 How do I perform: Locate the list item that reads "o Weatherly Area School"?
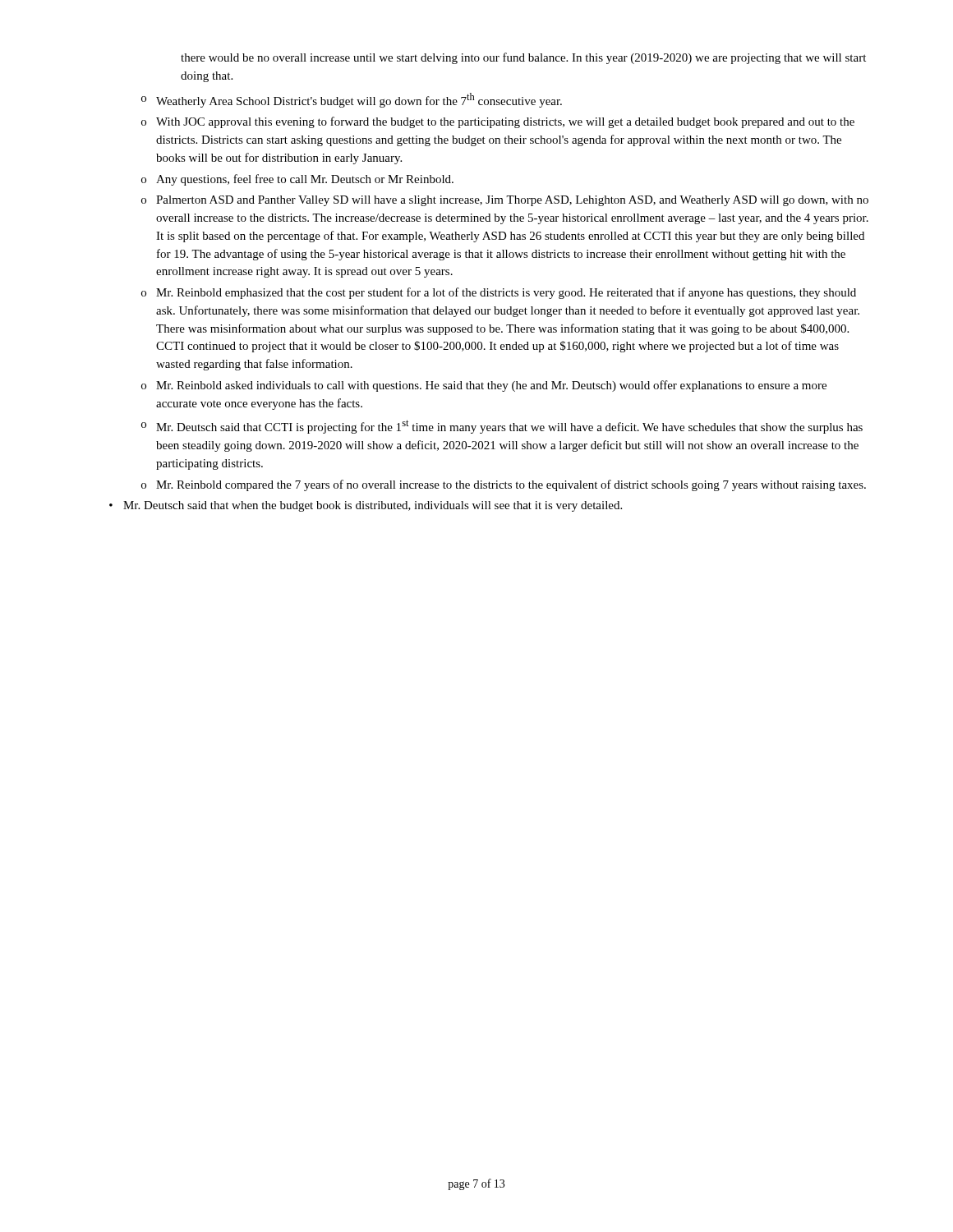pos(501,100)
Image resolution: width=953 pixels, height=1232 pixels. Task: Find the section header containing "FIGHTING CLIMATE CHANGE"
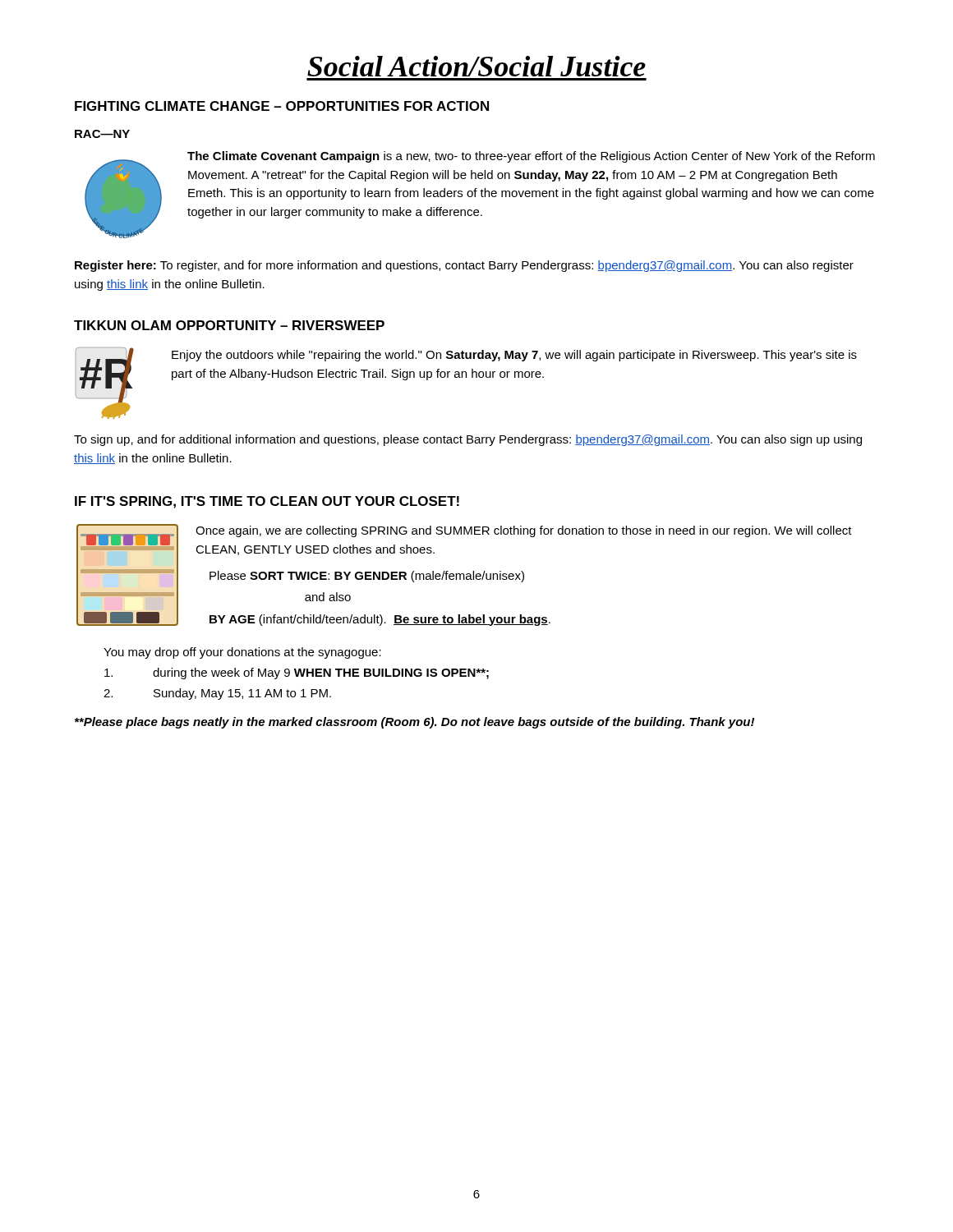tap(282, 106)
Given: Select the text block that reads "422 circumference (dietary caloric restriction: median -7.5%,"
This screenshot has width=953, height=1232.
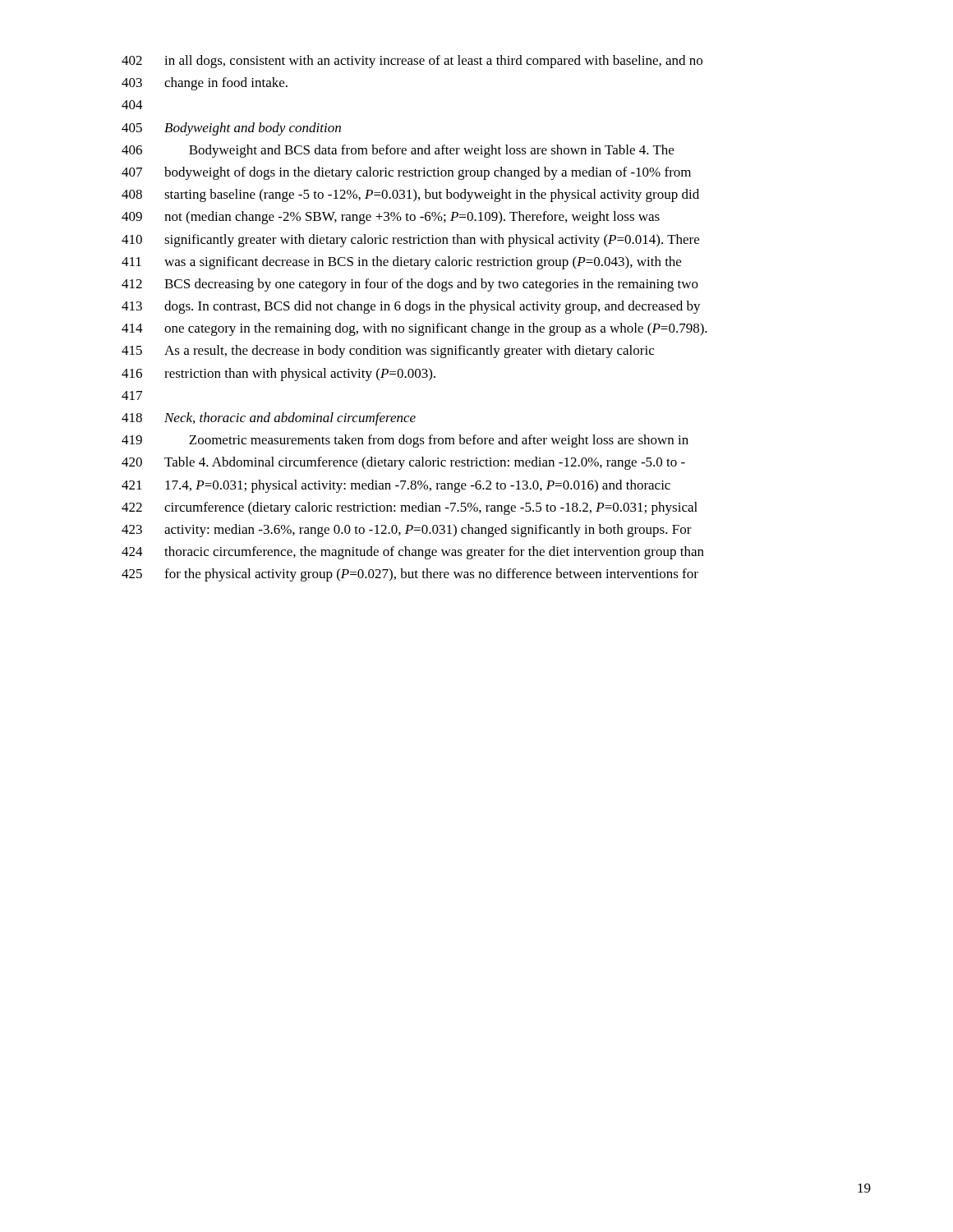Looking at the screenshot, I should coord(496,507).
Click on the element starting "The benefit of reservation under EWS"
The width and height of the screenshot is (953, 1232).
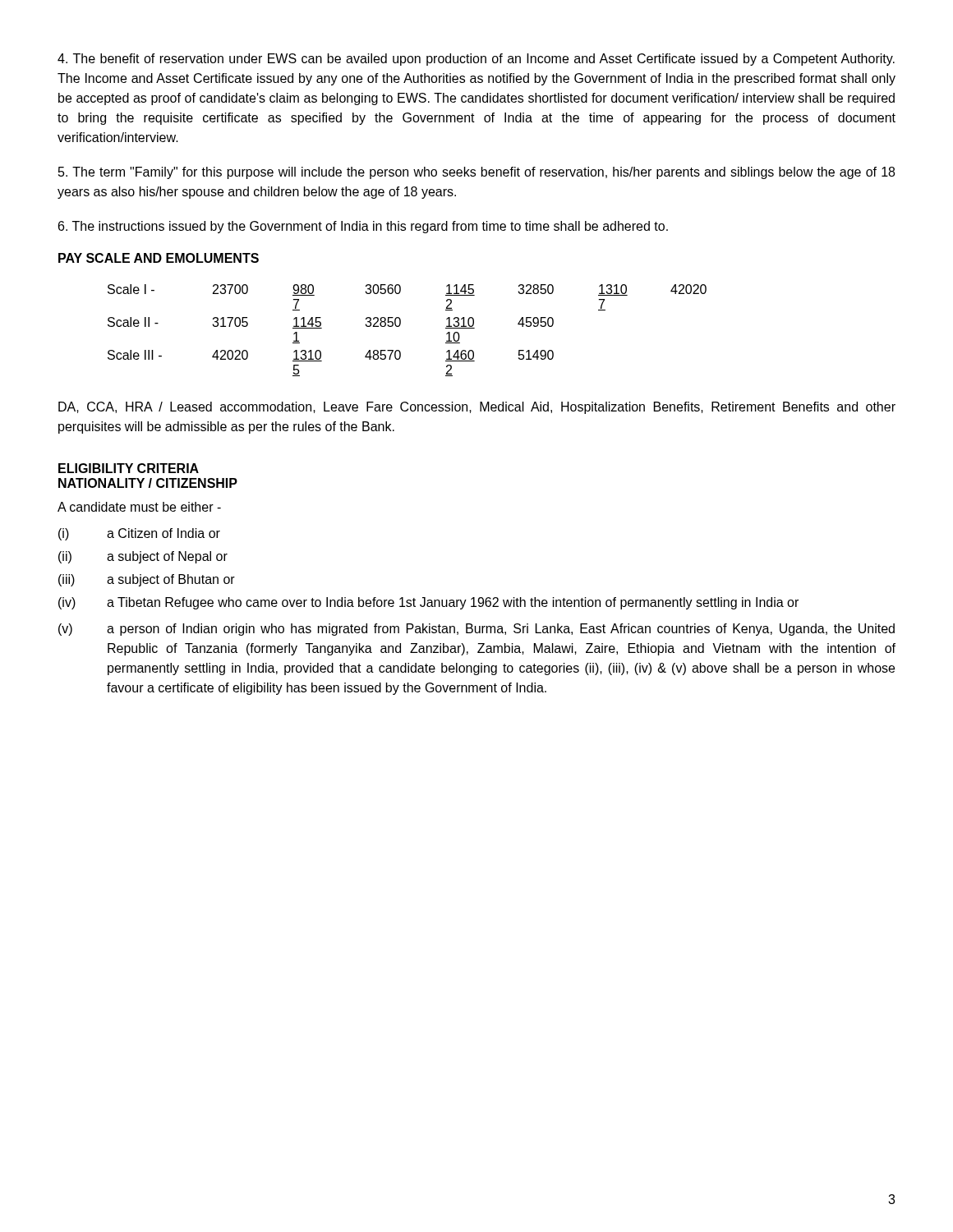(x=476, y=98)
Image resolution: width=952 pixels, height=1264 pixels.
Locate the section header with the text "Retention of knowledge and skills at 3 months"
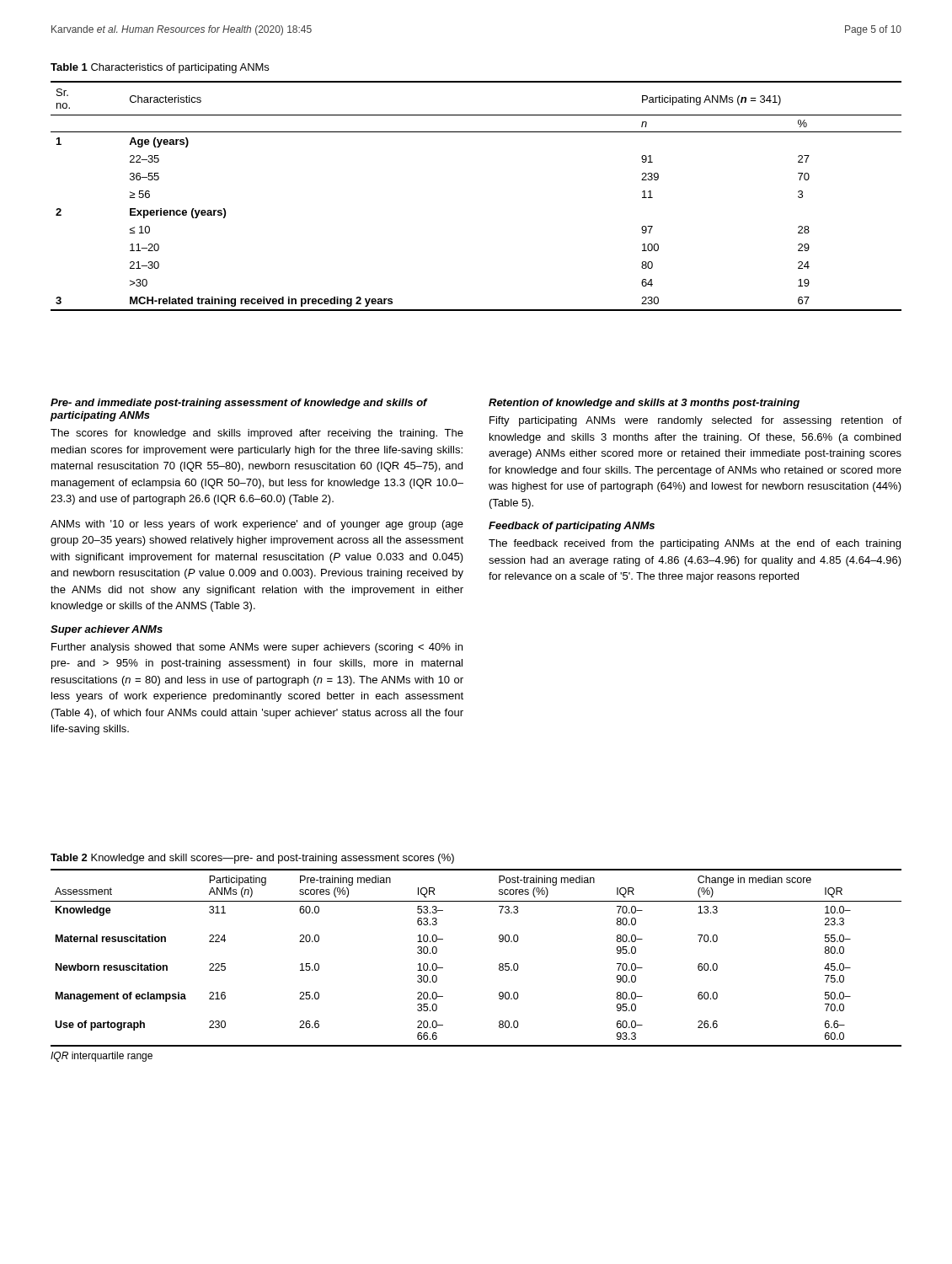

============

- WHAT THE EXERCISE ASKS -
Give the number of lines in the records above that contain the word "text", and nothing more.

- ANSWER TO THIS PROBLEM -
2